Replace a normal convolutional layer with a depthwise separable convolutional

quangngoc

A depthwise separable convolutional layer (often referred to as Depthwise Separable Convolution or Depthwise Convolution) is a type of convolutional layer that is designed to reduce the number of parameters compared to a traditional convolutional layer. This reduction in parameters is achieved by separating the convolution operation into two distinct stages: depthwise convolution and pointwise convolution. Let's break down how this reduction occurs with an example:

Consider a traditional convolutional layer with the following specifications:

Input feature maps: 64 channels
Kernel size: 3x3
Number of filters: 128

In this scenario, each filter in the traditional convolutional layer processes the entire input volume with all 64 input channels. This results in 3x3x64 = 576 learnable parameters per filter.

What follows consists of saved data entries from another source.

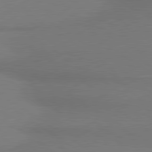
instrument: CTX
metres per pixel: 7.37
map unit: lApd
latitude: 79.8773
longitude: 178.7652
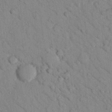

Now, let's replace this traditional convolutional layer with a depthwise separable convolutional layer with the same specifications:

Input feature maps: 64 channels
Kernel size: 3x3
Number of filters: 128

A depthwise separable convolutional layer consists of two parts:

Depthwise Convolution: In the depthwise convolution step, each input channel is convolved with its corresponding filter separately. In this example, there are 64 input channels, and each channel is convolved with its own 3x3 depthwise filter. This means there are 64 sets of 3x3 depthwise filters. Since each set has 3x3 parameters, the total number of parameters for depthwise convolution is 64 * (3x3) = 576 parameters.
Pointwise Convolution: After the depthwise convolution, a 1x1 pointwise convolution is applied to combine the output channels from the depthwise step into the desired number of output channels (in this case, 128). The pointwise convolution uses 1x1 filters for this purpose. Each output channel is a linear combination of the depthwise-filtered channels. For each output channel, there are 64 * 1x1 parameters (64 multiplicative weights). Since there are 128 output channels, the total number of parameters for the pointwise convolution is 64 * 1x1 * 128 = 8192 parameters.

Now, let's compare the total number of parameters in the depthwise separable convolutional layer with the traditional convolutional layer:

Traditional Convolutional Layer: 3x3x64x128 = 294,912 parameters
Depthwise Separable Convolutional Layer: 576 (depthwise) + 8192 (pointwise) = 8,768 parameters

As you can see, the depthwise separable convolutional layer significantly reduces the number of parameters compared to the traditional convolutional layer while still capturing spatial and channel-wise information. This reduction in parameters can be advantageous in scenarios where model size, computational efficiency, and memory usage are critical considerations, such as in mobile or edge devices or when designing lightweight neural networks.